WORK ORDER =
Without copying the images, write out all the entries below verbatim.

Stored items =
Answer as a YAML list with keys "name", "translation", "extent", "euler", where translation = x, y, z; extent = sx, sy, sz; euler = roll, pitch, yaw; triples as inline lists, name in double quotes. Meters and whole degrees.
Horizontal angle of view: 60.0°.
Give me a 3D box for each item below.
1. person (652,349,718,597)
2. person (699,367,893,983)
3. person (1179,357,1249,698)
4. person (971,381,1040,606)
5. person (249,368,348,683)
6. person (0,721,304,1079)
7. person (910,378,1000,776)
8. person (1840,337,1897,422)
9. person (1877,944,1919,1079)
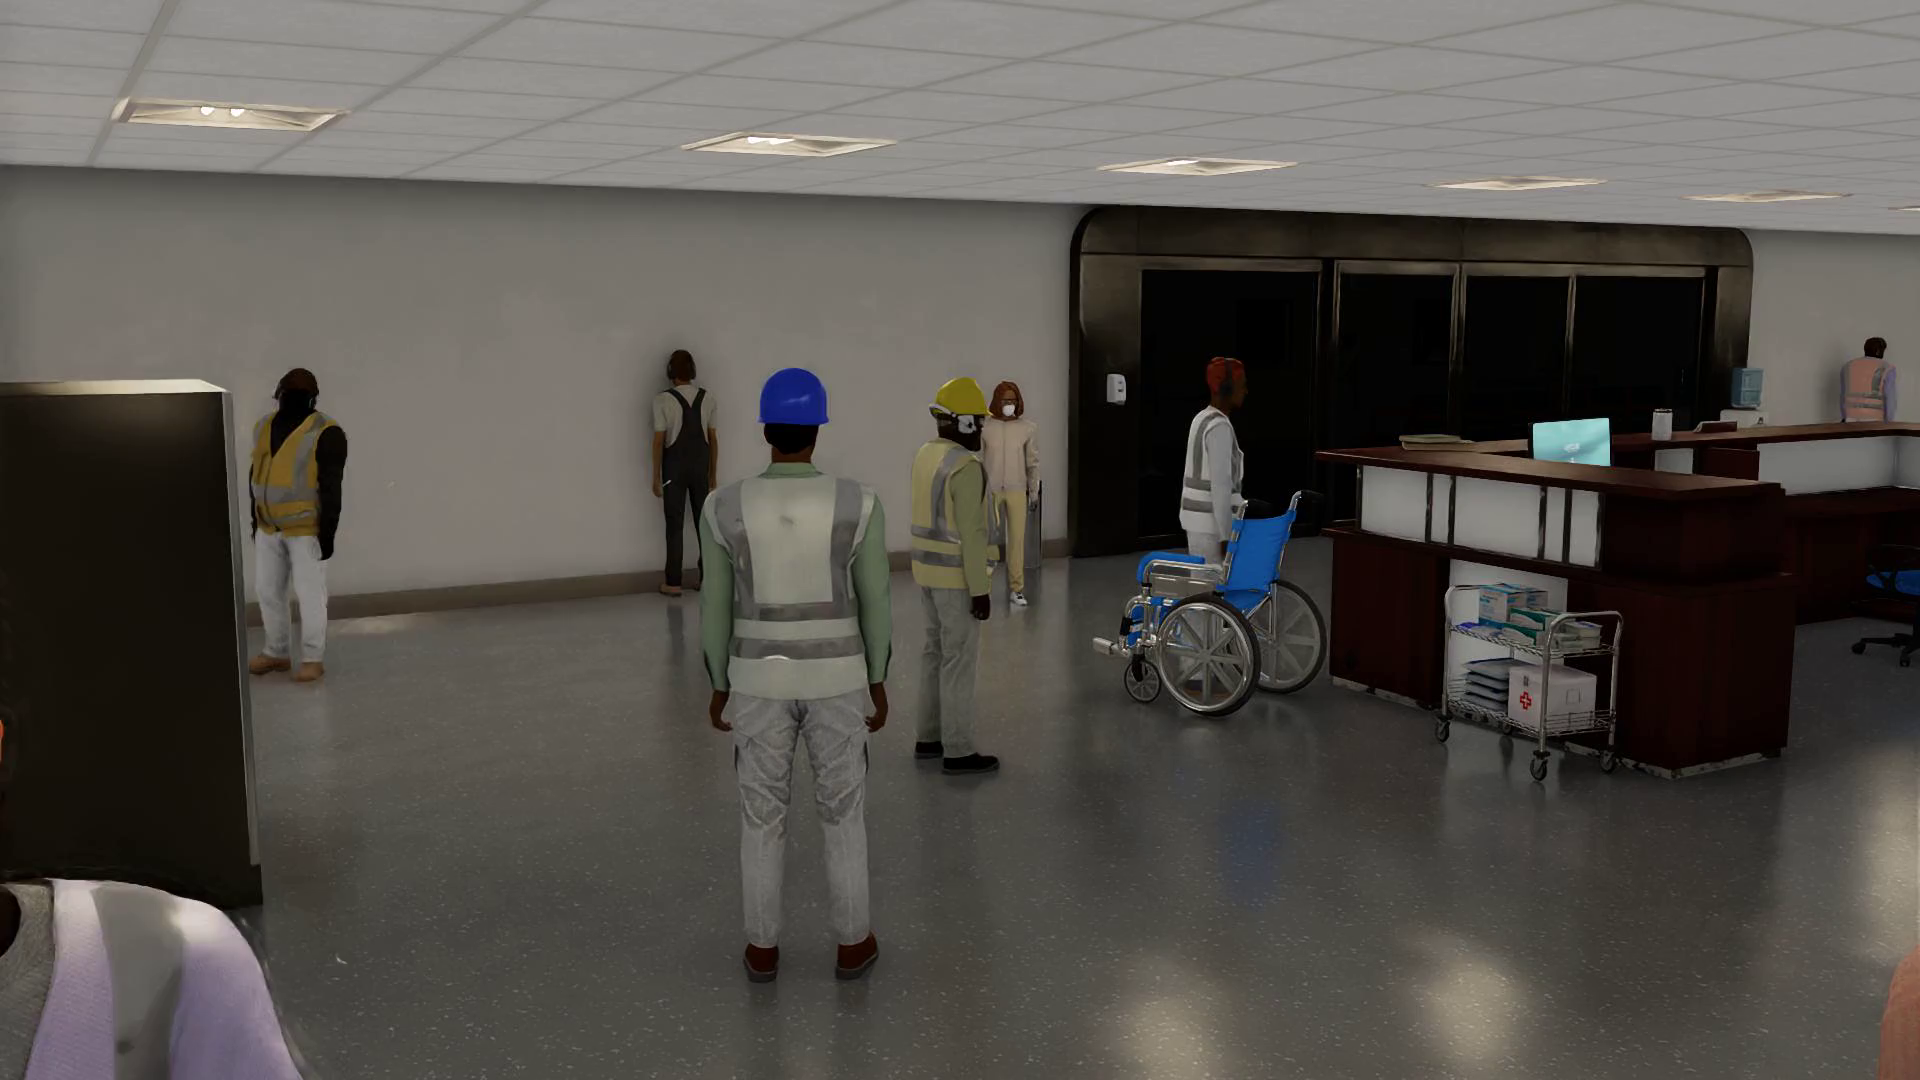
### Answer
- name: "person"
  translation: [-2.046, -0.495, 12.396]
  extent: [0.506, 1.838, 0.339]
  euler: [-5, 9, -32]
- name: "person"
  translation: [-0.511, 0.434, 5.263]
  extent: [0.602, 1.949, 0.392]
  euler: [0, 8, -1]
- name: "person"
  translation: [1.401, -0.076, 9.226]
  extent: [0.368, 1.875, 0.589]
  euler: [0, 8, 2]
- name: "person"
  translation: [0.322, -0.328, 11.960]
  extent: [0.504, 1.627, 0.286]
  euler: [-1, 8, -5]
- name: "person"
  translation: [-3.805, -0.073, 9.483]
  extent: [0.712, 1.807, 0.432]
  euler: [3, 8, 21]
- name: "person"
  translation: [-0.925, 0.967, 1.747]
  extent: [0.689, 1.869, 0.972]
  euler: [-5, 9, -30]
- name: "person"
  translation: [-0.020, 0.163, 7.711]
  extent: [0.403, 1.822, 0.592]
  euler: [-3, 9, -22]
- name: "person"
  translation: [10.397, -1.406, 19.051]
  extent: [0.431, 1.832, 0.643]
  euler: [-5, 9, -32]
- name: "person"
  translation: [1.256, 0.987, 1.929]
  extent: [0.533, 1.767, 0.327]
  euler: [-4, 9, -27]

FINISHED TASK =
Answer as a YAML list with keys "name", "translation", "extent", "euler", where translation = x, y, z; extent = sx, sy, sz; euler = roll, pitch, yaw; triples as inline lists, name in double quotes. Meters and whole degrees.
Horizontal angle of view: 60.0°.
Give me a 3D box for each item below.
1. person (652,349,718,597)
2. person (699,367,893,983)
3. person (1179,357,1249,698)
4. person (971,381,1040,606)
5. person (249,368,348,683)
6. person (0,721,304,1079)
7. person (910,378,1000,776)
8. person (1840,337,1897,422)
9. person (1877,944,1919,1079)
### Answer
- name: "person"
  translation: [-2.046, -0.495, 12.396]
  extent: [0.506, 1.838, 0.339]
  euler: [-5, 9, -32]
- name: "person"
  translation: [-0.511, 0.434, 5.263]
  extent: [0.602, 1.949, 0.392]
  euler: [0, 8, -1]
- name: "person"
  translation: [1.401, -0.076, 9.226]
  extent: [0.368, 1.875, 0.589]
  euler: [0, 8, 2]
- name: "person"
  translation: [0.322, -0.328, 11.960]
  extent: [0.504, 1.627, 0.286]
  euler: [-1, 8, -5]
- name: "person"
  translation: [-3.805, -0.073, 9.483]
  extent: [0.712, 1.807, 0.432]
  euler: [3, 8, 21]
- name: "person"
  translation: [-0.925, 0.967, 1.747]
  extent: [0.689, 1.869, 0.972]
  euler: [-5, 9, -30]
- name: "person"
  translation: [-0.020, 0.163, 7.711]
  extent: [0.403, 1.822, 0.592]
  euler: [-3, 9, -22]
- name: "person"
  translation: [10.397, -1.406, 19.051]
  extent: [0.431, 1.832, 0.643]
  euler: [-5, 9, -32]
- name: "person"
  translation: [1.256, 0.987, 1.929]
  extent: [0.533, 1.767, 0.327]
  euler: [-4, 9, -27]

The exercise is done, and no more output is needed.